Tai Chi, also called tai chi chuan, is an ancient Chinese tradition. It is today practiced as a graceful health-promoting form of gentle exercise. Having is roots in 13th century martial arts, it combines deep breathing and relaxation with flowing movements. It is very accessible and has a lower impact than many other forms of exercise. This makes it ideal for inactive older people wanting to raise their activity levels gently and gradually.

This is a gentle way to fight stress, reduce anxiety, increase flexibility and balance.

Done correctly, you’ll find that the poses flow smoothly from one into another. Many movements are completed with bent knees in a squat-like position

Tai chi has many physical and emotional benefits. Some of the benefits include decreased anxiety and depression and improvements in cognition. It involves a series of movements performed in a slow, focused manner and accompanied by deep breathing.

The benefits may include:

  • Decreased stress, anxiety and depression
  • Improved mood
  • Improved aerobic capacity
  • Increased energy and stamina
  • Improved flexibility, balance and agility
  • Improved muscle strength and definition

Regularly practicing may help you to have more restful sleep and can result in weight loss.

Many of the movements can be adapted to people with a disability, including wheelchair users.

Tai Chi in the Park 2

Our Tai Chi beginner classes for adults is an exercise class referral programme for anyone who is or has suffered from mental distress.
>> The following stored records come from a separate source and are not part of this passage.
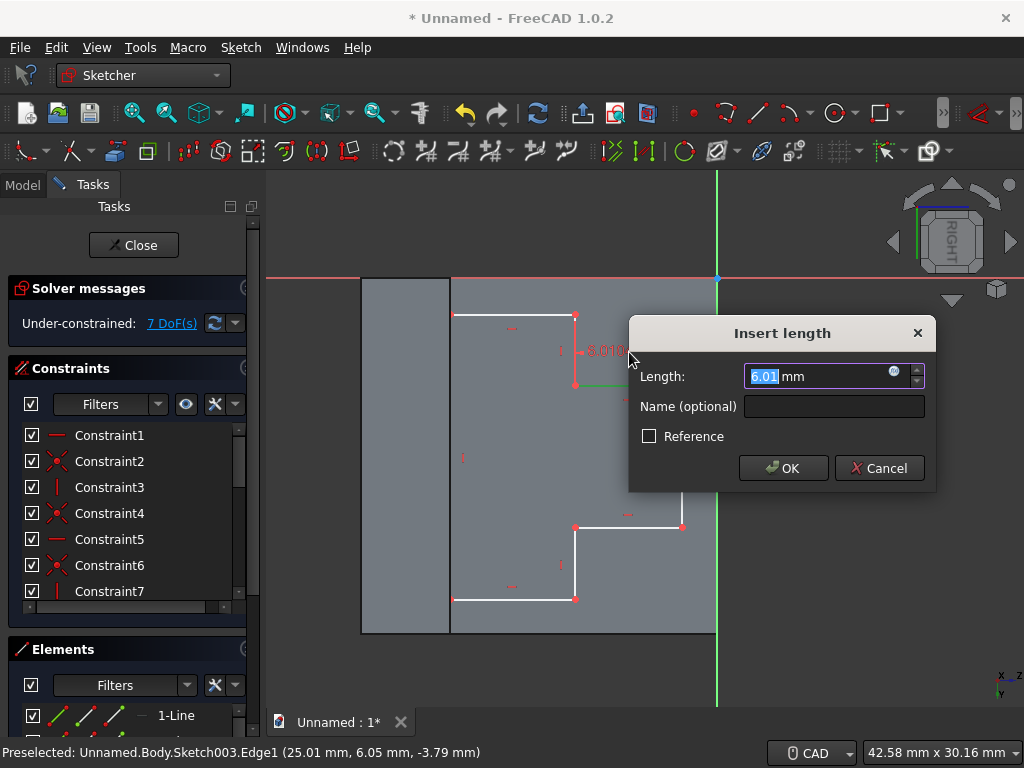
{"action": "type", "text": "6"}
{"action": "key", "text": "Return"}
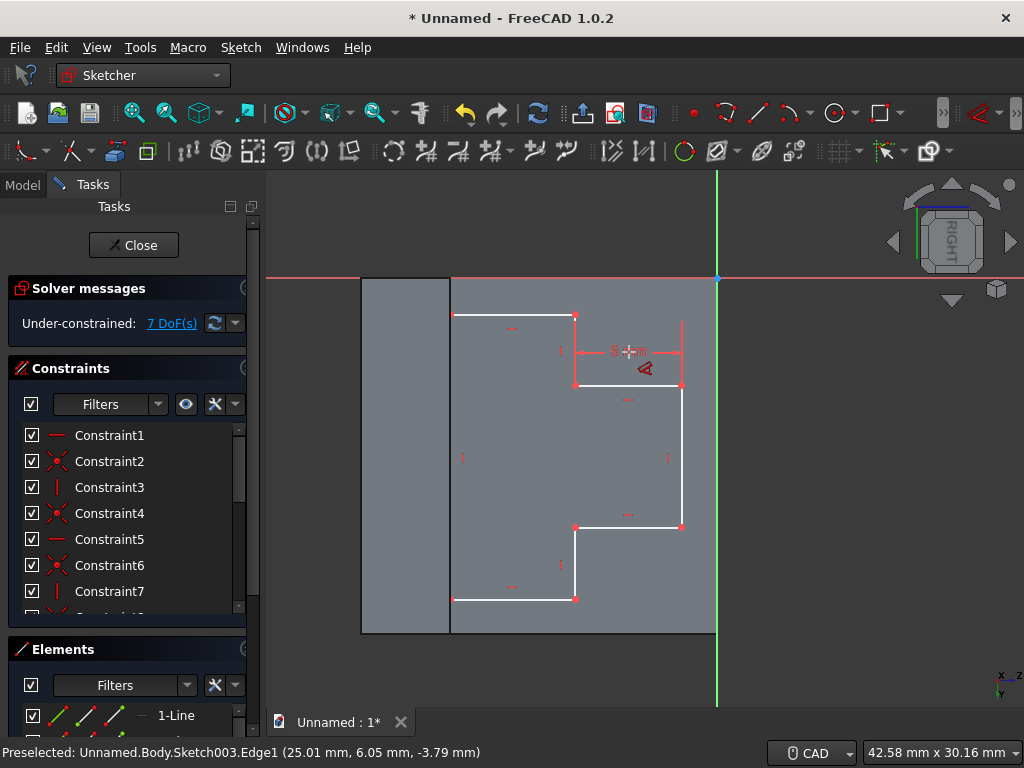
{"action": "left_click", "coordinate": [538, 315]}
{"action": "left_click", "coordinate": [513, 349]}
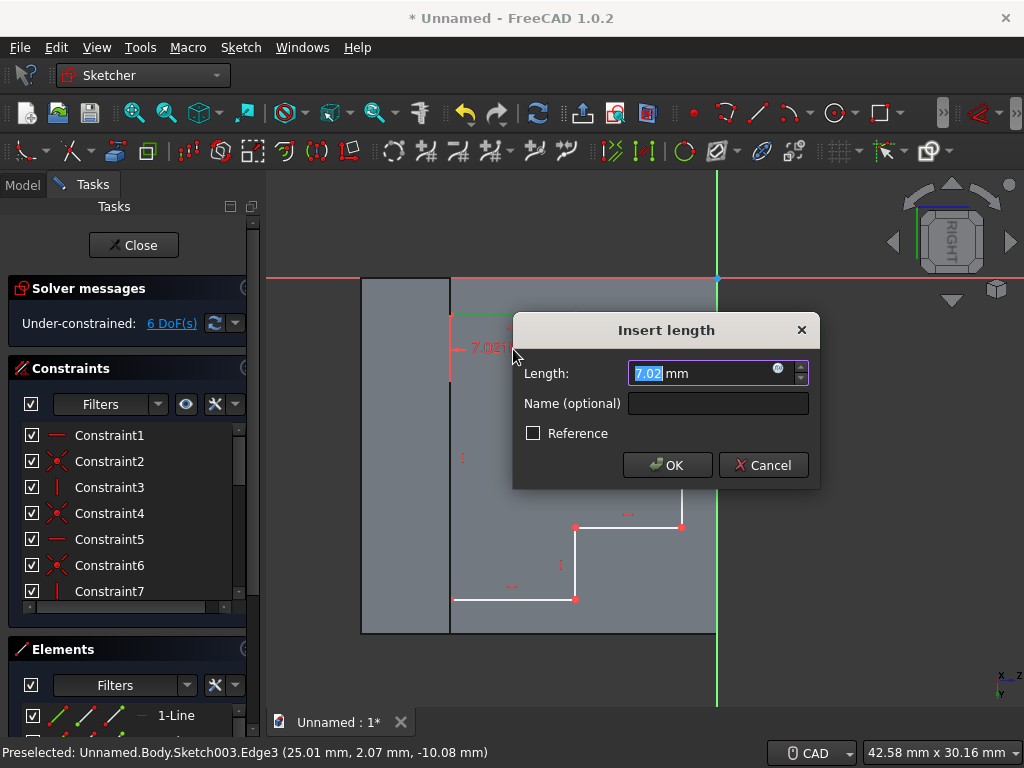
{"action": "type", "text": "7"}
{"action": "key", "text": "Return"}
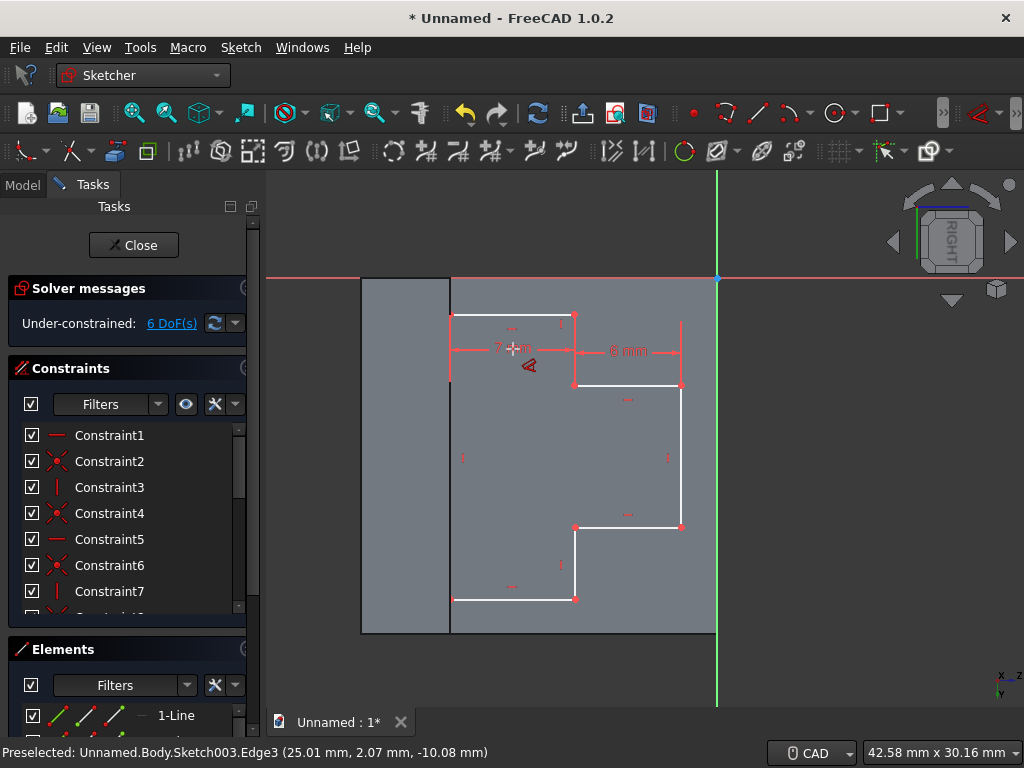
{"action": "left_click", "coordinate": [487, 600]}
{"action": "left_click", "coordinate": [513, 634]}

All are welcome. Tai chi is generally considered to be a safe exercise with few side effects. However, you may experience some slight aches or pains after practicing tai chi in the beginning. Don’t worry these will soon go as you practice more. If you have a medical condition or any health concerns, or haven’t exercised for a long time, speak to your GP before you start tai chi.

Classes start at 13:45 and last for 1 hour every Wednesday at the Damilola Taylor Centre, 1 East Surrey Grove in Peckham SE15 SE6.